Generate logits from hidden state embeddings and decoder weights


I am trying to compute prediction_logits using BertForPreTraining model. For some reason, I don’t want to use outputs.prediction_logits and I want to be able to generate them by multiplying the last hidden state with decoder weights. The problem is that when I do this the results I get are not equal to outputs.prediction_logits. Here is the code:

model = BertForPreTraining.from_pretrained("bert-base-multilingual-cased", output_hidden_states=True).to(device)

w = model.state_dict()['cls.predictions.decoder.weight'].cpu().numpy()
b = model.state_dict()['cls.predictions.decoder.bias'].cpu().numpy()

with torch.no_grad():
    outputs = model(**inputs)

output_logits = outputs.prediction_logits.cpu().numpy()
last_hidden_states = outputs.hidden_states[-1].cpu().numpy()

preds = output_logits[i, token_idx]
h = last_hidden_states[i, token_idx]
h_transformed =, h) + b

Basically, I expect h_transformed to be equal to preds, but it is not.

Thanks for your help :slight_smile:

I suspect dropout might be to blame here.

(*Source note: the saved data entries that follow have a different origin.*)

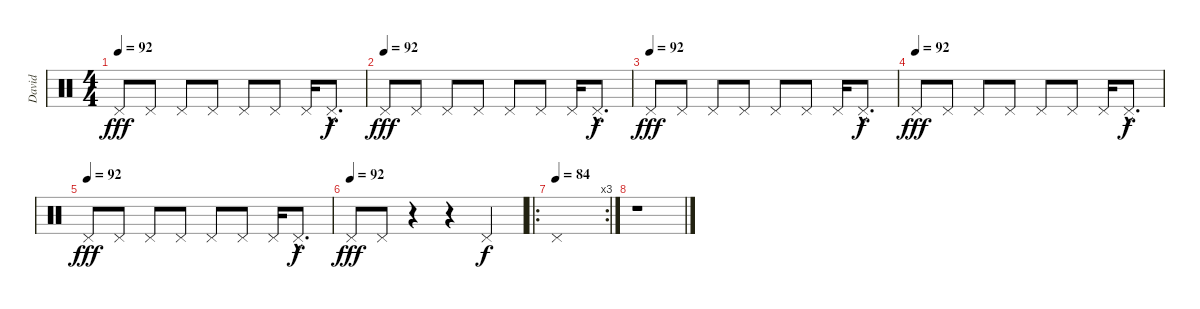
\track ("David" "David") {instrument percussion}
\staff {score}
\articulation defaults
\ts (4 4)
\tempo 92
\clef neutral
\ks c "Pedal Hi-Hat (hit)".8{dy fff} "Pedal Hi-Hat (hit)".8 "Pedal Hi-Hat (hit)".8 "Pedal Hi-Hat (hit)".8 "Pedal Hi-Hat (hit)".8 "Pedal Hi-Hat (hit)".8 "Pedal Hi-Hat (hit)".16 "Pedal Hi-Hat (hit)"{hac}.8{d dy f}
|
\tempo (92)
"Pedal Hi-Hat (hit)".8{dy fff} "Pedal Hi-Hat (hit)".8 "Pedal Hi-Hat (hit)".8 "Pedal Hi-Hat (hit)".8 "Pedal Hi-Hat (hit)".8 "Pedal Hi-Hat (hit)".8 "Pedal Hi-Hat (hit)".16 "Pedal Hi-Hat (hit)"{hac}.8{d dy f} |
\tempo (92)
"Pedal Hi-Hat (hit)".8{dy fff} "Pedal Hi-Hat (hit)".8 "Pedal Hi-Hat (hit)".8 "Pedal Hi-Hat (hit)".8 "Pedal Hi-Hat (hit)".8 "Pedal Hi-Hat (hit)".8 "Pedal Hi-Hat (hit)".16 "Pedal Hi-Hat (hit)"{hac}.8{d dy f} |
\tempo (92)
"Pedal Hi-Hat (hit)".8{dy fff} "Pedal Hi-Hat (hit)".8 "Pedal Hi-Hat (hit)".8 "Pedal Hi-Hat (hit)".8 "Pedal Hi-Hat (hit)".8 "Pedal Hi-Hat (hit)".8 "Pedal Hi-Hat (hit)".16 "Pedal Hi-Hat (hit)"{hac}.8{d dy f} |
\tempo (92)
"Pedal Hi-Hat (hit)".8{dy fff} "Pedal Hi-Hat (hit)".8 "Pedal Hi-Hat (hit)".8 "Pedal Hi-Hat (hit)".8 "Pedal Hi-Hat (hit)".8 "Pedal Hi-Hat (hit)".8 "Pedal Hi-Hat (hit)".16 "Pedal Hi-Hat (hit)"{hac}.8{d dy f} |
\tempo (92)
"Pedal Hi-Hat (hit)".8{dy fff} "Pedal Hi-Hat (hit)".8 r.4 r.4 "Pedal Hi-Hat (hit)".4{dy f} |
\ro
\rc 3
\tempo (84)
"Pedal Hi-Hat (hit)".1 |
r.1

You can create a small fully connected layer with dropout, and initialize it with decoder weights to use instead.

Thanks for your reply. I tried that but it is still not similar.

The two outputs will not be similar, because the dropout randomly affects the output. I do not insist that the cause is dropout but if it is, you would get the same training procedure by modeling it this way. You can verify it by calling model.eval() to disable dropout.

I suspect that’s not the problem, since the dropout shouldn’t be applied after getting the outputs from the last layer.